Aussitôt, il abandonna son adjoint et les sept ou huit paysans qui l'entouraient, et s'élançant après son jeune ami:

– Vous voilà donc, maître paresseux! s'écria-t-il… Savez-vous qu'il y a plus d'une heure que j'ai déjeuné?..

Mais si mauvaise que fût sa vue, il distingua l'altération des traits de Raymond, et surpris et changeant de ton:

– Saperjeu!.. reprit-il; que vous arrive-t-il, mon cher?..

– Rien, monsieur; je suis un peu fatigué.

– Vous!.. pour une pauvre nuit passée au bal, pour un innocent quadrille et pour quatre ou cinq verres d'un punch inoffensif!..

Raymond ne répondit pas, mais M. de Boursonne ne pouvait se méprendre à la façon dont il hocha la tête. Aussi, se frappant le front:

– J'y suis! s'écria-t-il. Mlle de Maillefert…

L'entrée de maîtresse Béru, qui apportait à Raymond des œufs à la coque dénichés de sa main le matin même, coupa la parole au bonhomme; mais dès qu'elle se fut retirée:

– Par ma foi, poursuivit-il, je ne comprends pas que le souvenir de la plus charmante jeune fille que je connaisse puisse donner à un amoureux cette mine funèbre.

– Hélas!.. soupira Raymond.

– Vous avez découvert des obstacles?..

– Insurmontables, oui, monsieur.

Le vieil ingénieur haussa les épaules.

– Voilà bien, grommela-t-il, les jeunes gens de notre époque, héros aimables à qui il faut des sentiers fleuris, sablés de poudre d'or, et qui s'assoient découragés à la première taupinière qu'ils rencontrent.

– Monsieur…

– Taisez-vous! Peut-être m'avoueriez-vous que vous n'aimez que les entreprises faciles, et je vous prendrais en grippe. On ne gravit avec honneur et plaisir, mon cher, que les montagnes réputées inaccessibles. On est fier d'avoir atteint le sommet du mont Blanc, on ne se vante pas d'avoir escaladé les buttes Montmartre. L'impossible, voilà le but qui me tenterait, si j'avais votre âge. Tel que vous me voyez, je crois aux miracles, j'en ai vu… et la sorcière qui les faisait est aux ordres de tout le monde, elle s'appelle: la Volonté.

Il s'exprimait en homme fort de ses convictions et qui a expérimenté ses théories. Pourtant le visage de Raymond restait morne.

– Que peut la plus indomptable volonté, murmura-t-il, quand on a tout contre soi! Si vous saviez, monsieur…

Il était dans une de ces dispositions d'esprit où les plus chers secrets montent de l'âme bouleversée jusqu'aux lèvres, et si le vieil ingénieur l'eût voulu, il ne tenait qu'à lui de surprendre ce mystère qu'il avait deviné dans le passé de son jeune compagnon. Mais il ne songeait alors qu'à étudier le côté pratique – il disait le côté politique – des projets de Raymond…

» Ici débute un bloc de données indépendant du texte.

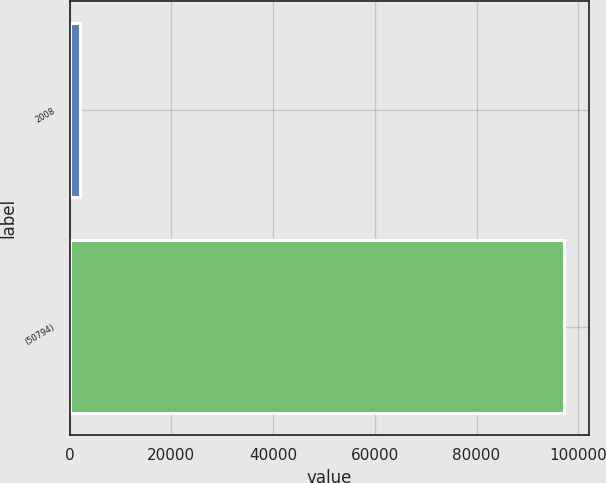Convert chart. <chart><loc_0><loc_0><loc_500><loc_500><bar_chart><fcel>2008<fcel>(50794)<nl><fcel>2006<fcel>97277<nl></chart> 
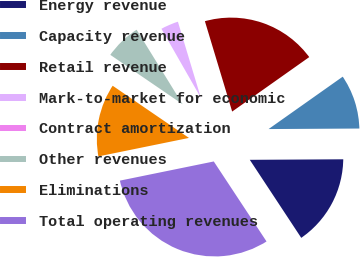Convert chart. <chart><loc_0><loc_0><loc_500><loc_500><pie_chart><fcel>Energy revenue<fcel>Capacity revenue<fcel>Retail revenue<fcel>Mark-to-market for economic<fcel>Contract amortization<fcel>Other revenues<fcel>Eliminations<fcel>Total operating revenues<nl><fcel>15.81%<fcel>9.7%<fcel>19.87%<fcel>3.6%<fcel>0.54%<fcel>6.65%<fcel>12.75%<fcel>31.07%<nl></chart> 
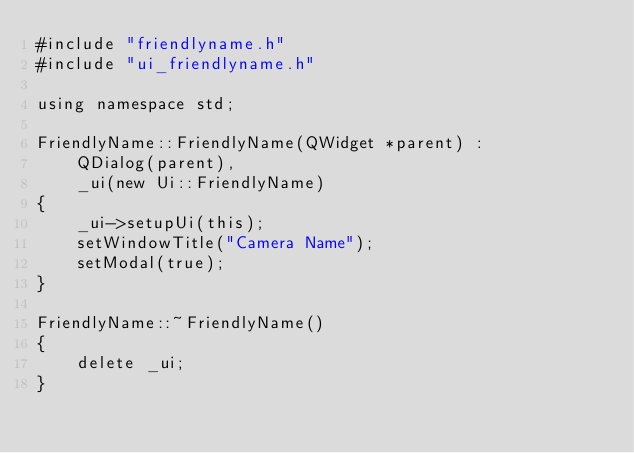<code> <loc_0><loc_0><loc_500><loc_500><_C++_>#include "friendlyname.h"
#include "ui_friendlyname.h"

using namespace std;

FriendlyName::FriendlyName(QWidget *parent) :
    QDialog(parent),
    _ui(new Ui::FriendlyName)
{
    _ui->setupUi(this);
    setWindowTitle("Camera Name");
    setModal(true);
}

FriendlyName::~FriendlyName()
{
    delete _ui;
}
</code>

– Le diable, mon cher, interrompit-il, c'est que, pendant que vous dansiez avec la fille, j'ai cédé à la tentation, stupide, je le reconnais, de tourmenter la mère, et que je l'ai tant agacée et persiflée qu'elle doit m'en vouloir à la mort. Conclusion: ni vous ni moi ne serons plus invités au château de Maillefert, et vous voilà séparé de Mlle Simone.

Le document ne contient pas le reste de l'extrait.